TRY IT
Which lines below include "whole"? Copy them all.

MATERIAL FOR THIS EXERCISE
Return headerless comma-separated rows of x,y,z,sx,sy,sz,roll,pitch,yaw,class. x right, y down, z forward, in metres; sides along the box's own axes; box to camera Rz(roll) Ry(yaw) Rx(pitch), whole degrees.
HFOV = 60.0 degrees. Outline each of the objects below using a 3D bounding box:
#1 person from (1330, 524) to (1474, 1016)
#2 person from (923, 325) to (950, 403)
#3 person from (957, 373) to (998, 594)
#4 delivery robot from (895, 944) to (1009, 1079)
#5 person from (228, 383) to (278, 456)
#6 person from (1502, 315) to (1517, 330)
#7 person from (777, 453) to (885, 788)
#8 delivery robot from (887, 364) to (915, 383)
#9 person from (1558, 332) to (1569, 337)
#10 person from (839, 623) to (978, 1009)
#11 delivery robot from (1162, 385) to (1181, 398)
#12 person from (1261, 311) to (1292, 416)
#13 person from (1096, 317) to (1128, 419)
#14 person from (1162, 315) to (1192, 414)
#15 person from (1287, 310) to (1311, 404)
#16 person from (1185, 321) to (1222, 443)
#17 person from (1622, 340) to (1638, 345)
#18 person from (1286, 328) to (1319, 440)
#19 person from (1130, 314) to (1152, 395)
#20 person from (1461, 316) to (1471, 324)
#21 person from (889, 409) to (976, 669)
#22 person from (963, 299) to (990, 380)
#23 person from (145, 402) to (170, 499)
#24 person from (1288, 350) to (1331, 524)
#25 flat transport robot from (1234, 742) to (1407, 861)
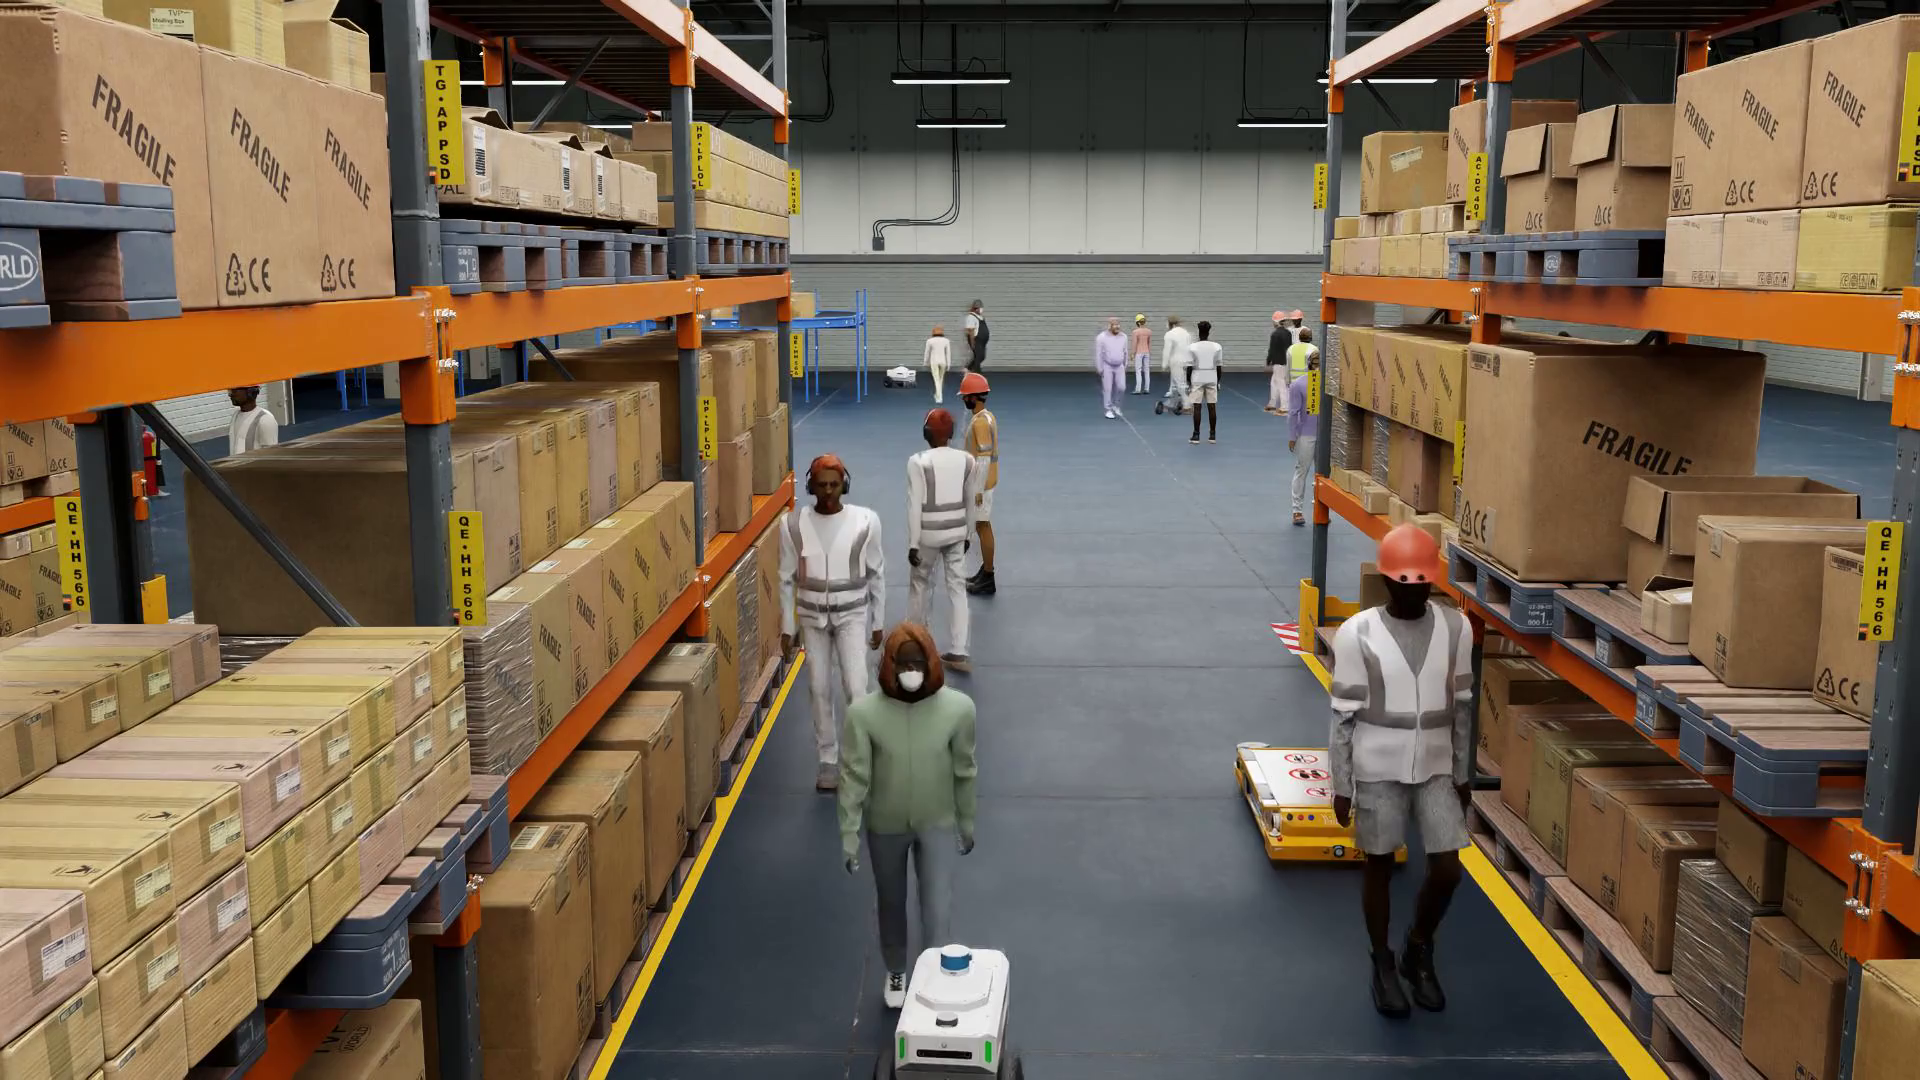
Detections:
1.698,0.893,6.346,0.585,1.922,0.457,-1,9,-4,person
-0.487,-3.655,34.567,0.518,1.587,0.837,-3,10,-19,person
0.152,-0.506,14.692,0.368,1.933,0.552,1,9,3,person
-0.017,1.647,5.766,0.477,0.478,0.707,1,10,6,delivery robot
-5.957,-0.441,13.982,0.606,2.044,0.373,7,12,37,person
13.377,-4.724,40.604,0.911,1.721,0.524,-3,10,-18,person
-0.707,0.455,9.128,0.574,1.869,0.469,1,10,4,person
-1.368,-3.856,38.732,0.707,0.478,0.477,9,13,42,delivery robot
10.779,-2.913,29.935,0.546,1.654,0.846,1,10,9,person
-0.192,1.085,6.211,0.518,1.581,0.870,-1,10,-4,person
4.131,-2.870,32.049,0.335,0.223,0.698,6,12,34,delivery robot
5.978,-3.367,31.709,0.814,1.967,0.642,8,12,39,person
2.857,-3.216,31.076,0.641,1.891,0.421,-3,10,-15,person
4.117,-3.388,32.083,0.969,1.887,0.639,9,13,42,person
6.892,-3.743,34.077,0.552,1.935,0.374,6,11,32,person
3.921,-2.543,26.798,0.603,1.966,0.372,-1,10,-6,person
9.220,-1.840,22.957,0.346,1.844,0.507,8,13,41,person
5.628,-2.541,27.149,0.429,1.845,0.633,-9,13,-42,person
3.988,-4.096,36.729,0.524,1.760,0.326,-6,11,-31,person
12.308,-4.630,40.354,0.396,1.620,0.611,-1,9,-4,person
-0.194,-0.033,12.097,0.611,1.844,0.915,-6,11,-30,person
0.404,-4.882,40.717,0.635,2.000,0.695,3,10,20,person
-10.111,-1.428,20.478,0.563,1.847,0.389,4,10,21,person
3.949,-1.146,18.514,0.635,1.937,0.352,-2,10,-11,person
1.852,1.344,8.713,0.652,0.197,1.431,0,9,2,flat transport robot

==

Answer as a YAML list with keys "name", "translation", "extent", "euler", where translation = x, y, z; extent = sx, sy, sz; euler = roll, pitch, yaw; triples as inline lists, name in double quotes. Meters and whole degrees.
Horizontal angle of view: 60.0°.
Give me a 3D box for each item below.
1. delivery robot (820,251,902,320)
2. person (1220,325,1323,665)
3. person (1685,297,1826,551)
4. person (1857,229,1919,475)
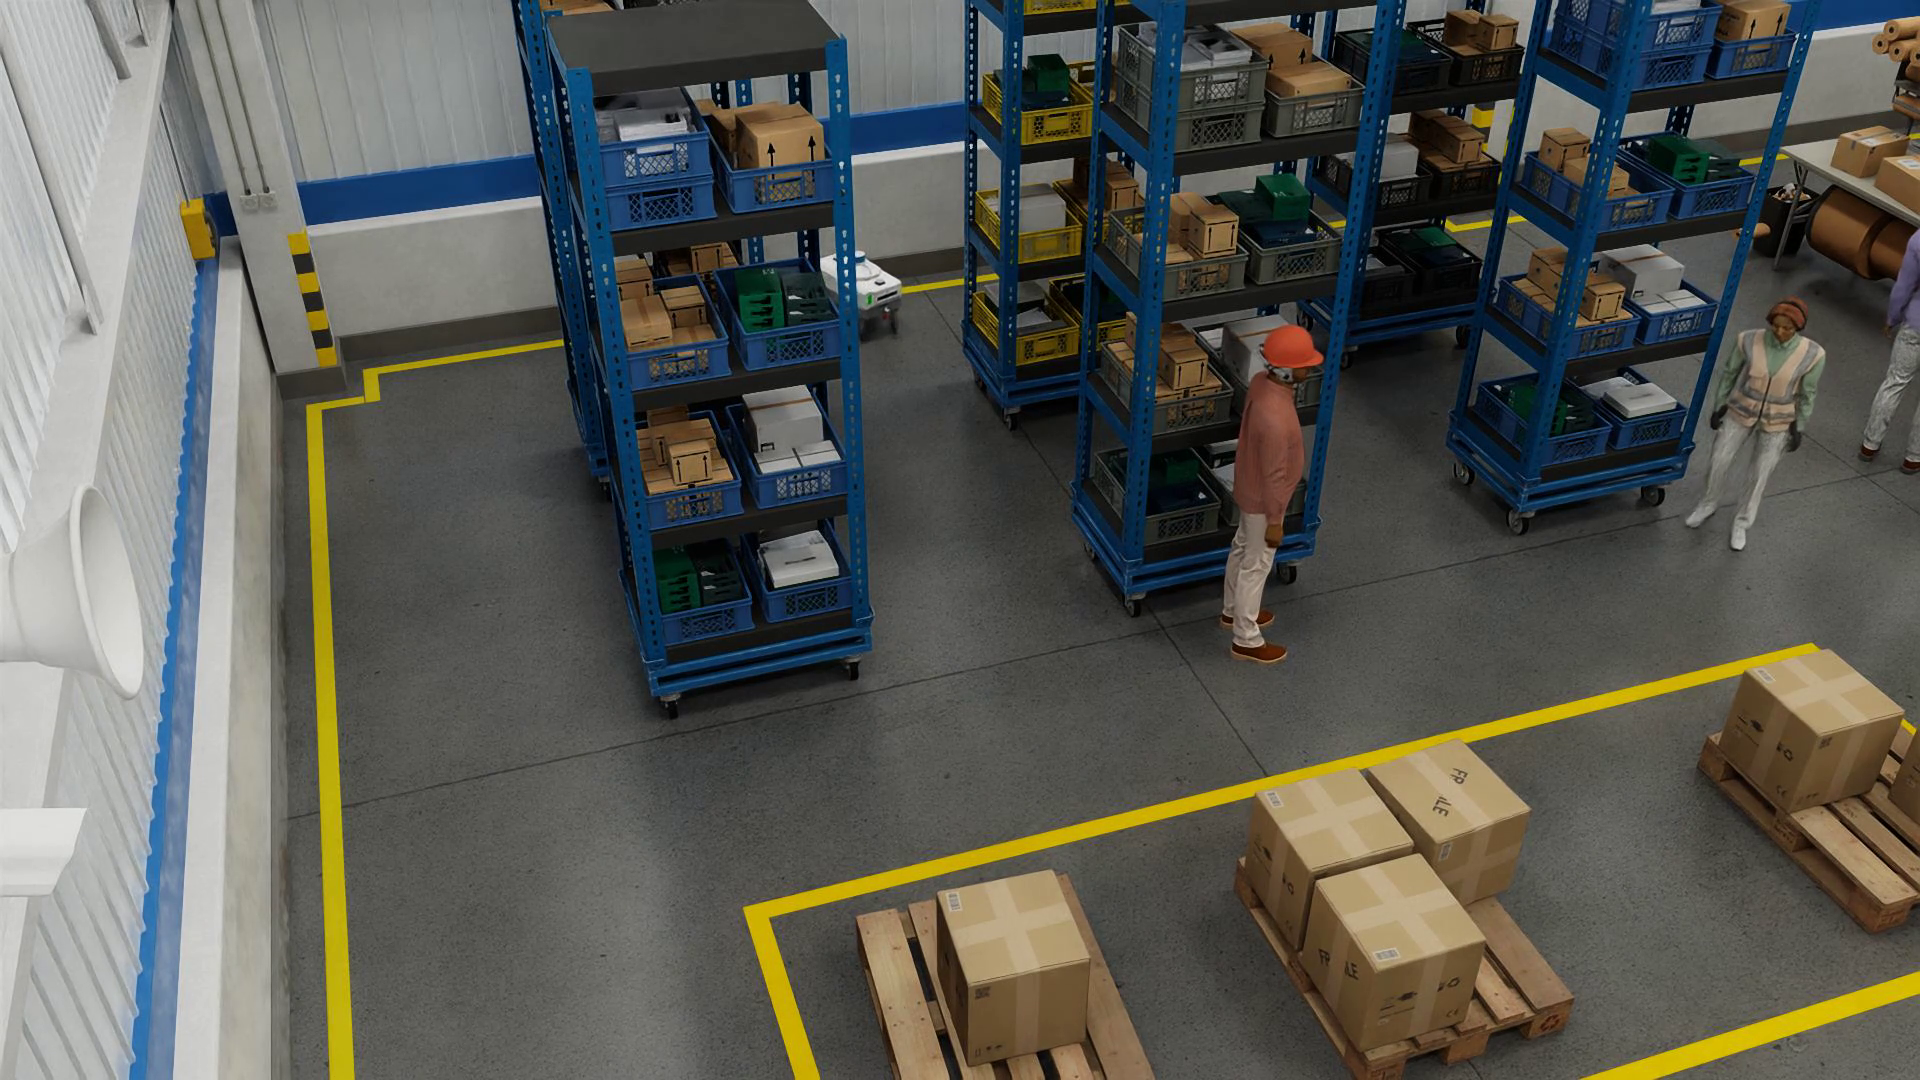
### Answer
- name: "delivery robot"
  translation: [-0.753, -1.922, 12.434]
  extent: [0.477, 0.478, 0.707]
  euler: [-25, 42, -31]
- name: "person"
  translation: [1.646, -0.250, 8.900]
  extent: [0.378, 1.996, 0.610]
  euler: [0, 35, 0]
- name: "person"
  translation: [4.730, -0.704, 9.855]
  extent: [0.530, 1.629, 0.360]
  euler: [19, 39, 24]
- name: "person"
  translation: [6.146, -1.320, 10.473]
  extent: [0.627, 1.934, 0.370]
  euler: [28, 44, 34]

==

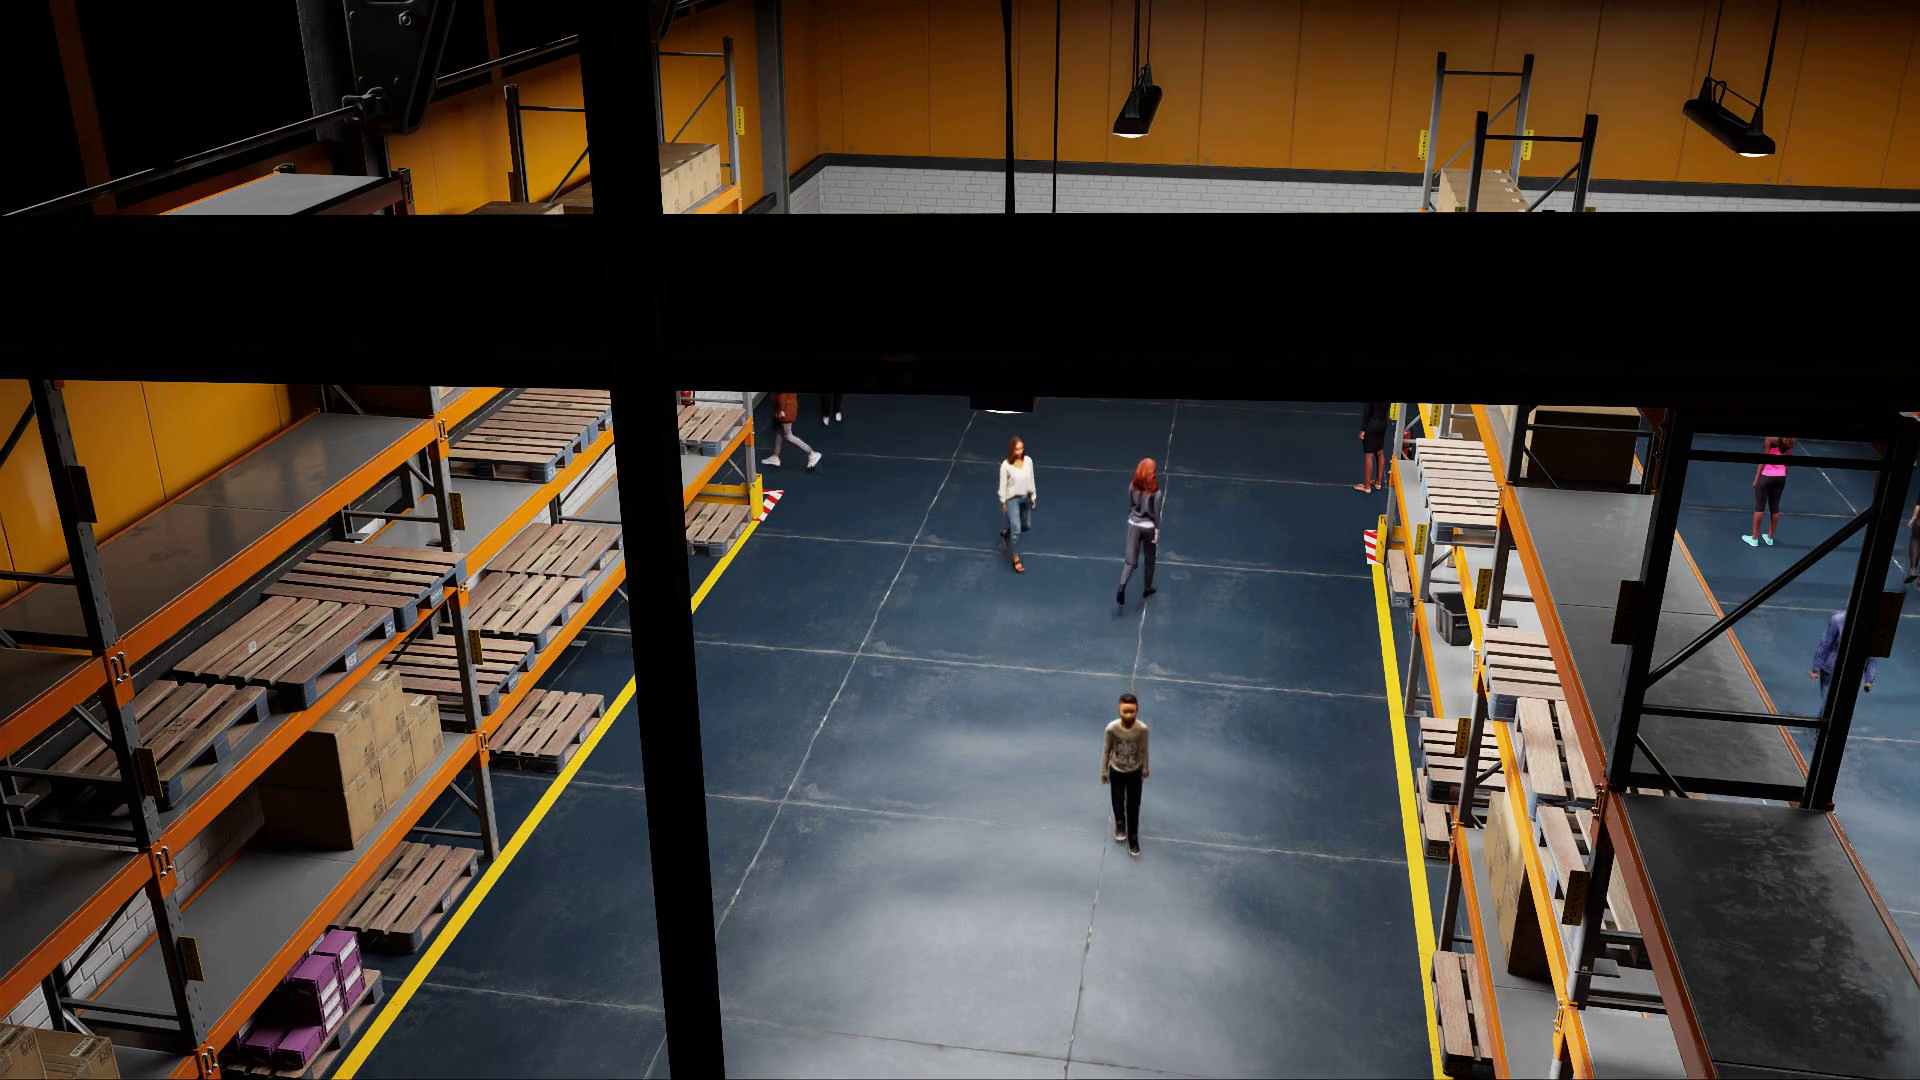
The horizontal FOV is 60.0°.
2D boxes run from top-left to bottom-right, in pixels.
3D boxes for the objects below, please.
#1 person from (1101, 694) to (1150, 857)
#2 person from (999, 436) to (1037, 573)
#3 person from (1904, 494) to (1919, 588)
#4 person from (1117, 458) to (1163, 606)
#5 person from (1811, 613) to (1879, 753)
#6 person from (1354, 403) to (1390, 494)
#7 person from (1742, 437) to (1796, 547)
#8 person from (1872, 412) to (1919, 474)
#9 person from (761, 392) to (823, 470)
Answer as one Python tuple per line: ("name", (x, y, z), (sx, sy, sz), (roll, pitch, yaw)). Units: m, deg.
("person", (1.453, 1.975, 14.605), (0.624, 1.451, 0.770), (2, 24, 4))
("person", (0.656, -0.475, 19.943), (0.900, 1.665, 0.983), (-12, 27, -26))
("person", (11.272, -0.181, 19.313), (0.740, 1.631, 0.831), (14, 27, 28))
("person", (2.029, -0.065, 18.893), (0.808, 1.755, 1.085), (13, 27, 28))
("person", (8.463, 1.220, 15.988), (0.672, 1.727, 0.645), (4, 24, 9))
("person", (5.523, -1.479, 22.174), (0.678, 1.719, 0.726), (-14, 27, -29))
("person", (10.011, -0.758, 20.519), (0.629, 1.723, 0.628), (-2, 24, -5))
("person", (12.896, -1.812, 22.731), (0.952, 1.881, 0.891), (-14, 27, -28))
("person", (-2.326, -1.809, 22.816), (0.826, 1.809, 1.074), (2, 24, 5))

ANSWER SPACE
Return headerless comma-separated rows of x,y,z,sx,sy,sz,roll,pitch,yaw,class. x right, y down, z forward, in metres; sides along the box's own axes; box to camera Rz(roll) Ry(yaw) Rx(pitch), whole degrees.
Answer as a YAML list with keys "name", "translation", "extent", "euler", where translation = x, y, z; extent = sx, sy, sz; euler = roll, pitch, yaw; triples as inline lists, name in double quotes. Meters and whole degrees.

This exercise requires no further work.